基于JDE模型的群养生猪多目标跟踪

2023-01-16 09:45涂淑琴黄正鑫李承桀刘晓龙

农业工程学报 2022年17期

涂淑琴，黄磊，梁云，黄正鑫，李承桀，刘晓龙

基于JDE模型的群养生猪多目标跟踪

涂淑琴，黄磊，梁云※，黄正鑫，李承桀，刘晓龙

（华南农业大学数学与信息学院，广州 510642）

为实现群养生猪在不同场景下（白天与黑夜，猪只稀疏与稠密）的猪只个体准确检测与实时跟踪，该研究提出一种联合检测与跟踪（Joint Detection and Embedding，JDE）模型。首先利用特征提取模块对输入视频序列提取不同尺度的图像特征，产生3个预测头，预测头通过多任务协同学习输出3个分支，分别为分类信息、边界框回归信息和外观信息。3种信息在数据关联模块进行处理，其中分类信息和边界框回归信息输出检测框的位置，结合外观信息，通过包含卡尔曼滤波和匈牙利算法的数据关联算法输出视频序列。试验结果表明，本文JDE模型在公开数据集和自建数据集的总体检测平均精度均值（mean Average Precision，mAP）为92.9%，多目标跟踪精度（Multiple Object Tracking Accuracy，MOTA）为83.9%，IDF1得分为79.6%，每秒传输帧数（Frames Per Second，FPS）为73.9帧/s。在公开数据集中，对比目标检测和跟踪模块分离（Separate Detection and Embedding，SDE）模型，本文JDE模型在MOTA提升0.5个百分点的基础上，FPS提升340%，解决了采用SDE模型多目标跟踪实时性不足问题。对比TransTrack模型，本文JDE模型的MOTA和IDF1分别提升10.4个百分点和6.6个百分点，FPS提升324%。实现养殖环境下的群养生猪多目标实时跟踪，可为大规模生猪养殖的精准管理提供技术支持。

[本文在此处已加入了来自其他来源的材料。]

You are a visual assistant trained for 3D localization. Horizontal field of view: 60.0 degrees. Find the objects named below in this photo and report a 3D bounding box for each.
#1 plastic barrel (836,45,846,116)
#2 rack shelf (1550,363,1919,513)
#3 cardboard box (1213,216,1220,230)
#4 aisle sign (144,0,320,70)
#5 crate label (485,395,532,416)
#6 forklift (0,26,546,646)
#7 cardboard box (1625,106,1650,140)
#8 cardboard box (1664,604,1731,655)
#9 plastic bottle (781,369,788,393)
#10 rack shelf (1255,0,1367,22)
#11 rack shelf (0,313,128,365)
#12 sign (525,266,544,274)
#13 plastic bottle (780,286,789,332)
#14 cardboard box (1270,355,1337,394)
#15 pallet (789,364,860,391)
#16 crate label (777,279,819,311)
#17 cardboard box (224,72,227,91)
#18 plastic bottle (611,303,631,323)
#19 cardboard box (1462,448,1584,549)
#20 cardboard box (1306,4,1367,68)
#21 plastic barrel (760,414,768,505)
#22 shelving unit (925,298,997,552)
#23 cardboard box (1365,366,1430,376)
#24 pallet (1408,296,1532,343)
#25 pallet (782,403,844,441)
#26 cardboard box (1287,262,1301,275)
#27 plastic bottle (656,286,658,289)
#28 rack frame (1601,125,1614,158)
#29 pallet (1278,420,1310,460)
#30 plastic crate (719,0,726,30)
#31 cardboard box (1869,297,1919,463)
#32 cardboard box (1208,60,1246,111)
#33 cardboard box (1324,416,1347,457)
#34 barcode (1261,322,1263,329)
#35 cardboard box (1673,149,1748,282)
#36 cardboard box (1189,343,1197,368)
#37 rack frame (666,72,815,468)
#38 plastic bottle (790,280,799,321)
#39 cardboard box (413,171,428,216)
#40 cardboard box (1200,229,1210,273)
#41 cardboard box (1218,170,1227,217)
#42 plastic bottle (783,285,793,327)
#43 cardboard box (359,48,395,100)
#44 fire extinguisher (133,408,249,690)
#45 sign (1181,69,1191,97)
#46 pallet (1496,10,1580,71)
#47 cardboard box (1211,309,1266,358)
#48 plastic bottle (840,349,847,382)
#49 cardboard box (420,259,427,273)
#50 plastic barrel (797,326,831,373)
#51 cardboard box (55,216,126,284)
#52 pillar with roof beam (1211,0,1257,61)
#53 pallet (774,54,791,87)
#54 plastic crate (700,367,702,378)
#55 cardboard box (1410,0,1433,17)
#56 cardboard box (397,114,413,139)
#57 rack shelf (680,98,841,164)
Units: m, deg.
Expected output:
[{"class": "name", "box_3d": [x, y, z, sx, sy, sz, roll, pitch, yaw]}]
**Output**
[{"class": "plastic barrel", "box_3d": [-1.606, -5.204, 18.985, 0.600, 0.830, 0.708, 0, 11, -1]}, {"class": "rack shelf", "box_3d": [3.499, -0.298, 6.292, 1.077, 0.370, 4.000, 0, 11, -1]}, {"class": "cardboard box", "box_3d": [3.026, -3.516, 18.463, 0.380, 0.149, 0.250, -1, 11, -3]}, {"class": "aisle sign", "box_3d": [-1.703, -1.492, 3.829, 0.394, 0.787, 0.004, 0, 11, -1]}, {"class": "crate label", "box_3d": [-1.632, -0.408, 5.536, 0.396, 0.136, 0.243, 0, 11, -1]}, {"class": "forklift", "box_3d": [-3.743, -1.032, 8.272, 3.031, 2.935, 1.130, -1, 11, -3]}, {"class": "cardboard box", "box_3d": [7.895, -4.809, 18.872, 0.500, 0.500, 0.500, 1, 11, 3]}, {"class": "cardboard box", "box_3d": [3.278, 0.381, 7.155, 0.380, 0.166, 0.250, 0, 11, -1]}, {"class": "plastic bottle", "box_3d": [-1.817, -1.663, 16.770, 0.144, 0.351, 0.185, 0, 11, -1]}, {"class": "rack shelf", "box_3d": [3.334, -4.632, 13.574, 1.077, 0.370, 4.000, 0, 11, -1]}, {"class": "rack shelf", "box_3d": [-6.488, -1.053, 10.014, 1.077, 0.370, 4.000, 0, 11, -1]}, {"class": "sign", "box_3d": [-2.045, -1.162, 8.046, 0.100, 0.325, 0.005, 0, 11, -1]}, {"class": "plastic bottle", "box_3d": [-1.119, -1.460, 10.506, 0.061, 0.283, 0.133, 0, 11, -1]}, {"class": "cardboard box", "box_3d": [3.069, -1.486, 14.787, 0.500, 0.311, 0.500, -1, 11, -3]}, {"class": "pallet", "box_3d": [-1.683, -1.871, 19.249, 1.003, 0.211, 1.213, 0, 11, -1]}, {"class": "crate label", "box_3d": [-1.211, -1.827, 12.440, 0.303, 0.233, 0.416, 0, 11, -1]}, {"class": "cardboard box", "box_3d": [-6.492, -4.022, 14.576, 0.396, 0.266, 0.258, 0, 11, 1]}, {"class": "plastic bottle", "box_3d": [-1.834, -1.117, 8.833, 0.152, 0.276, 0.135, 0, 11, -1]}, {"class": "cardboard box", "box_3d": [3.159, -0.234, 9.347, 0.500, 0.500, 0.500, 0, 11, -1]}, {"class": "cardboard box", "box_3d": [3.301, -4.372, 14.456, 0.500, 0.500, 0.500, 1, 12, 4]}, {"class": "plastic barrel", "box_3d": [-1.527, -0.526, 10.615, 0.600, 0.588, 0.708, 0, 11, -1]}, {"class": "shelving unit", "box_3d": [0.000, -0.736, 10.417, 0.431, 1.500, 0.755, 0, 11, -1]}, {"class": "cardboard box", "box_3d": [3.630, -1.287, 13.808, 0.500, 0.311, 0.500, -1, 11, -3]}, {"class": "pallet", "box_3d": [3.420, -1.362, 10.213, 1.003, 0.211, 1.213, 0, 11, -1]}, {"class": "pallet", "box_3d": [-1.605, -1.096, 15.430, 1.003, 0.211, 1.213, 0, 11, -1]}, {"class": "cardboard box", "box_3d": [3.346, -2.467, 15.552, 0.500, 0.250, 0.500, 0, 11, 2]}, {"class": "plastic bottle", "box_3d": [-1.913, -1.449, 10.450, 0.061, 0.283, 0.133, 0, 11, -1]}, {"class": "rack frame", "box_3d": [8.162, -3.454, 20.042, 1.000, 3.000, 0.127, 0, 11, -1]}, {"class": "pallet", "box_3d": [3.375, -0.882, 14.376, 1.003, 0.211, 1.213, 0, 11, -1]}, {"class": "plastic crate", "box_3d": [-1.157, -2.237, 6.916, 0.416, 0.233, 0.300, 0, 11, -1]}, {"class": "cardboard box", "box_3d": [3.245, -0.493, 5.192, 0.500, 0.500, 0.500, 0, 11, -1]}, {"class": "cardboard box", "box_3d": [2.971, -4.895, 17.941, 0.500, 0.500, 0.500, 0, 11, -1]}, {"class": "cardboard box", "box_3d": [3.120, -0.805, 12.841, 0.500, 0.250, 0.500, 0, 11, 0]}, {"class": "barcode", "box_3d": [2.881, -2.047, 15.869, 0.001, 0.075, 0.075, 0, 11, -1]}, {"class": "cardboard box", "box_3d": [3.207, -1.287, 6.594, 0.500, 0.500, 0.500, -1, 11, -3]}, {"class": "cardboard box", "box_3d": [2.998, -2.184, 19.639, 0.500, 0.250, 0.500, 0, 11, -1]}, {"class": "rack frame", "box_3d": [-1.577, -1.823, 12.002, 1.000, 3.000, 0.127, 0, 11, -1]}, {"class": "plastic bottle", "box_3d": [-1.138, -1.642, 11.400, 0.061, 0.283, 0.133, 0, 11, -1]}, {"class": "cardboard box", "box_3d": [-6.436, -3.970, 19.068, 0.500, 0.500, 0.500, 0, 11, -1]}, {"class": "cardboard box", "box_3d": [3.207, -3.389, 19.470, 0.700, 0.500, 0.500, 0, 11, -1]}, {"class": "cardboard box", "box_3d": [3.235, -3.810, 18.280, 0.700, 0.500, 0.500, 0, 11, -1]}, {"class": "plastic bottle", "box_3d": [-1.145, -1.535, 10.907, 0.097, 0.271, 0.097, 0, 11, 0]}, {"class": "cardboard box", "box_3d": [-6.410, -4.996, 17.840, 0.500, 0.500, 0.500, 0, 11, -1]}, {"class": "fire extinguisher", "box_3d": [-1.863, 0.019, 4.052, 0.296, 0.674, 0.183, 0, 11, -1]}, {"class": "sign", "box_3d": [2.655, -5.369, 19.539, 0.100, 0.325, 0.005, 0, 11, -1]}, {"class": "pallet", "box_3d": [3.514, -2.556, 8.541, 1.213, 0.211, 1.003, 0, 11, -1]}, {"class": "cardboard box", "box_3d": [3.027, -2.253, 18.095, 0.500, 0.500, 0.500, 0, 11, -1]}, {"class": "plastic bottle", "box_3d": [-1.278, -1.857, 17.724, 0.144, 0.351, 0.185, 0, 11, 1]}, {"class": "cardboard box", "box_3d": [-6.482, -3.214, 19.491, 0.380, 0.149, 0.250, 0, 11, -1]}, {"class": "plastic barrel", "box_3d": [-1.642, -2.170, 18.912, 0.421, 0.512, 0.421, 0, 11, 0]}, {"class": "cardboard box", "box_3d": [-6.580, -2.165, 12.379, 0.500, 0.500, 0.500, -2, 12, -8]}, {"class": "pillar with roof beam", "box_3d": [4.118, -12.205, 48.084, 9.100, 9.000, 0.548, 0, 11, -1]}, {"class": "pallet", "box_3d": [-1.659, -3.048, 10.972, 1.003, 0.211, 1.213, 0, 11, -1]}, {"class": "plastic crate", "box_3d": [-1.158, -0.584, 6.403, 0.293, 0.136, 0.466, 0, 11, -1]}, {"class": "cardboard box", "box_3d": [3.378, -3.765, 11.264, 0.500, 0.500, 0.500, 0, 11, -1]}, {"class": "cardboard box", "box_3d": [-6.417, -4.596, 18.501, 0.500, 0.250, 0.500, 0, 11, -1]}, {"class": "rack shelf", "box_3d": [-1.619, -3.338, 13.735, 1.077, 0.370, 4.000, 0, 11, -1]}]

目标检测；目标跟踪；联合检测与跟踪；数据关联；群养生猪

0 引言

生猪产业一直是国内畜牧业的支柱产业，其发展关系到国家食物安全、社会稳定及国民经济的协调发展。生猪养殖业正朝着规模化、专业化、智能化和精细化发展。目前，在劳动力短缺的情况下，智能与精准畜牧业对帮助农户实现畜牧业规模化生产具有重要作用[1]。通过视频摄像头，采用计算机视觉技术获取每头猪每天的体重变化、运动轨迹、饮食情况和行为变化等数据，监测猪只行为和健康，预测猪只个体异常情况，实现生猪生产过程的精确控制[2]，对提高生猪的福利具有重要价值[3]。因此，采用多目标跟踪技术，准确跟踪群养生猪中的个体，识别猪只行为变化，对提高农场的智能化管理水平和生产力具有重要意义。

目前，国内外研究者在禽畜跟踪的方面进行很多研究。有些研究者通过给禽畜穿戴自动跟踪设备实现跟踪禽畜。如Zambelis等[4]使用耳标加速计对饲养奶牛的喂养和活动行为进行观察。Giovanetti等[5]将三轴加速度计传感器安装在羊的身体上，然后测量羊在牧场的行为。Krista等[6]将运动能耗仪安装在母羊的项圈上，以此评估绵羊行为活动水平。这些方法在某些情况下对于禽畜的观察是可行的，但是，使用可穿戴自动跟踪设备会影响禽畜的行为，严重情况下会影响其自由活动，降低动物福利。另外，大量可穿戴自动跟踪设备会增加生产的成本。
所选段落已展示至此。